[bug] can't run gpu_pkl_to_cpu_pkl.py
TNick opened this issue · 3 comments
As you can see in the traceback I had a problem converting between gpu and cpu variants.
I've added after this line
elif isinstance(obj, (types.FunctionType, types.BuiltinFunctionType)):
print(prefix + "skipping a function (can't pickle function objects)")
rval = None
I've also modified these lines:
if hasattr(obj, 'set_value'):
# Base case: we found a shared variable, must convert it
rval = shared(obj.get_value())
try:
rval.name = obj.name
except AttributeError:
pass
# Sabotage its getstate so if something tries to pickle it, we'll find out
obj.__getstate__ = None
The script only seems to work with device=cpu
so we could spare a bit of time to future guys by adding
# ...
if __name__ == '__main__':
# theano.config.device is read-only so we change the value in environment
# before importing theano
thflags = os.environ['THEANO_FLAGS']
if thflags:
thflags = thflags + ",device=cpu"
else:
thflags = "device=cpu"
os.environ['THEANO_FLAGS'] = thflags
_, in_path, out_path = sys.argv
# ...
I was then able to show_weights.py
, browse_conv_weights.py
, num_parameters.py
, pkl_inspector.py
, plot_monitor.py
, etc. I did not try to fprop()
in any way.
I am aware of the discussion in pylearn-users and the comments by @goodfeli in the file header.
Anyone facing issues with gpu_pkl_to_cpu_pkl.py
should read this thread.
Regarding the first point, maybe the reason it is not able to pickle that function is because it existed in the version of Pylearn2 that saved the model in the first place, but it does not exist in the current version. In that case, I'm not sure we should always skip them. I don't know what the right way of detecting that would be, except by trying to pickle it in a string and seeing if it works.
Regarding the second point, yes, keeping the name
is a good idea. I would probably call hasattr
rather than try/catch, but it does not really matter.
Regarding the last point, sure.
I happened to have test_print_monitor_cv.py opened in an editor so I've copied to a GPU-equipped machine, modified it to preserve the file and run it. On the same console I then run gpu_pkl_to_cpu_pkl.py and I was able to reproduce the error. No difference in environment, pylearn2 version, etc
But your comment made me realize that there is no _check_is_symbolic
in pylearn2.space. Previously I just assumed that it exists and never checked.

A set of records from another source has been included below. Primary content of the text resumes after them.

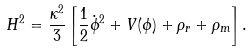<formula> <loc_0><loc_0><loc_500><loc_500>H ^ { 2 } = \frac { \kappa ^ { 2 } } { 3 } \left [ \frac { 1 } { 2 } \dot { \phi } ^ { 2 } + V ( \phi ) + \rho _ { r } + \rho _ { m } \right ] .</formula> 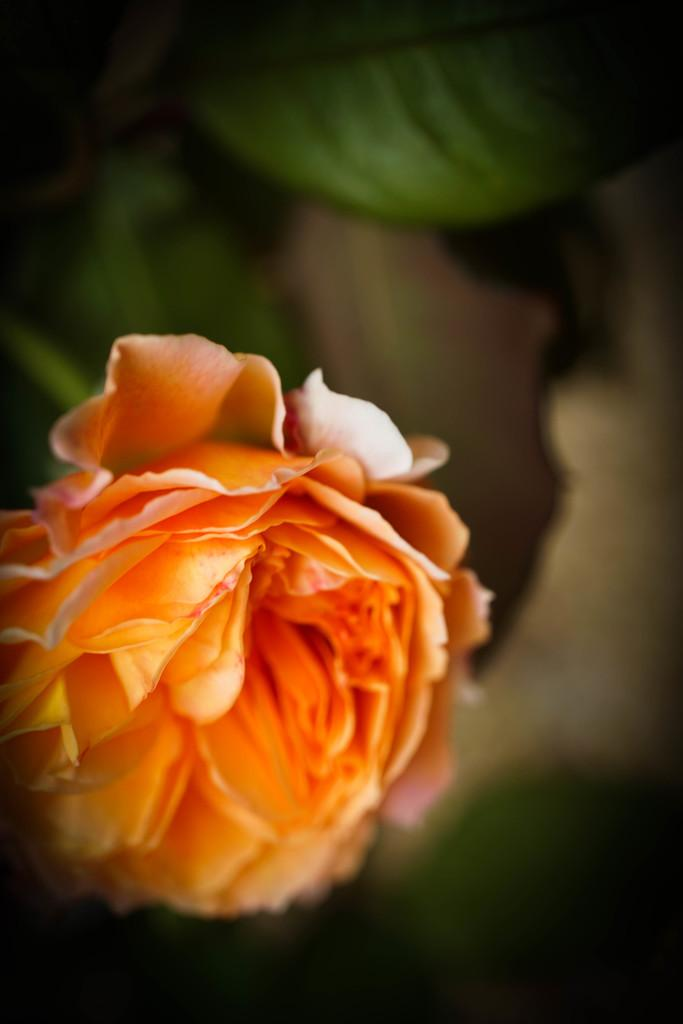What is the main subject of the image? There is a flower in the image. What type of engine is powering the flower in the image? There is: There is no engine present in the image, as it features a flower. 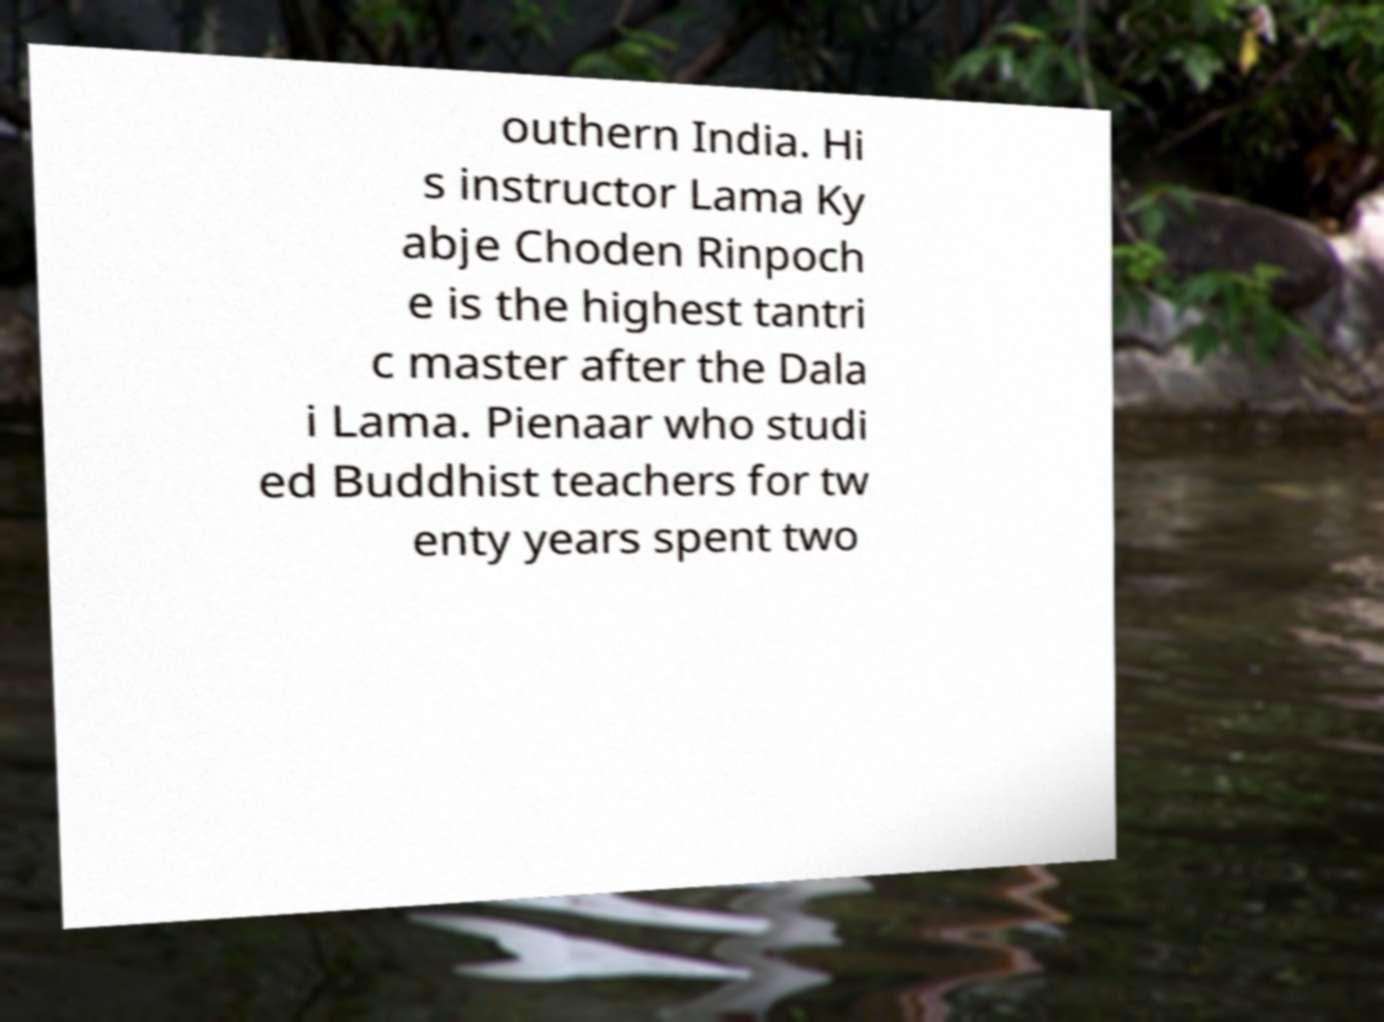Please identify and transcribe the text found in this image. outhern India. Hi s instructor Lama Ky abje Choden Rinpoch e is the highest tantri c master after the Dala i Lama. Pienaar who studi ed Buddhist teachers for tw enty years spent two

As it turns out there is a VectorSpace
object that has a __reduce_ex__()
method inherited from object that returns this funky dictionary:
{'dim': 10,
'_check_is_symbolic': <function _check_is_symbolic at 0x7ff5a9c2d1b8>,
'validate_callbacks': [],
'sparse': False,
'_dtype': 'float32',
'_check_is_numeric': <function _check_is_numeric at 0x7ff5a9c2d140>,
'np_validate_callbacks': []}
After that pickle tries to save that dictionary, attempts to locate _check_is_symbolic
in pylearn2.space
and fails (obj
is VectorSpace
, rv
+/- is the dictionary):
> /home/ubuntu/devel/anaconda/lib/python2.7/pickle.py(331)save()
-> self.save_reduce(obj=obj, *rv)
/home/ubuntu/devel/anaconda/lib/python2.7/pickle.py(419)save_reduce()
-> save(state)
/home/ubuntu/devel/anaconda/lib/python2.7/pickle.py(286)save()
-> f(self, obj) # Call unbound method with explicit self
/home/ubuntu/devel/anaconda/lib/python2.7/pickle.py(649)save_dict()
-> self._batch_setitems(obj.iteritems())
/home/ubuntu/devel/anaconda/lib/python2.7/pickle.py(663)_batch_setitems()
-> save(v)
/home/ubuntu/devel/anaconda/lib/python2.7/pickle.py(286)save()
-> f(self, obj) # Call unbound method with explicit self
/home/ubuntu/devel/anaconda/lib/python2.7/pickle.py(748)save_global()
-> (obj, module, name))
A newly constructed VectorSpace
's __reduce_ex__()
returns, amongst other things:
{'dim': 1,
'_dtype': 'float32',
'validate_callbacks': [],
'sparse': False,
'np_validate_callbacks': []}
Both _check_is_symbolic()
and _check_is_numeric
are tagged as @staticmethod
.
I have no elegant idea about how to fix the things.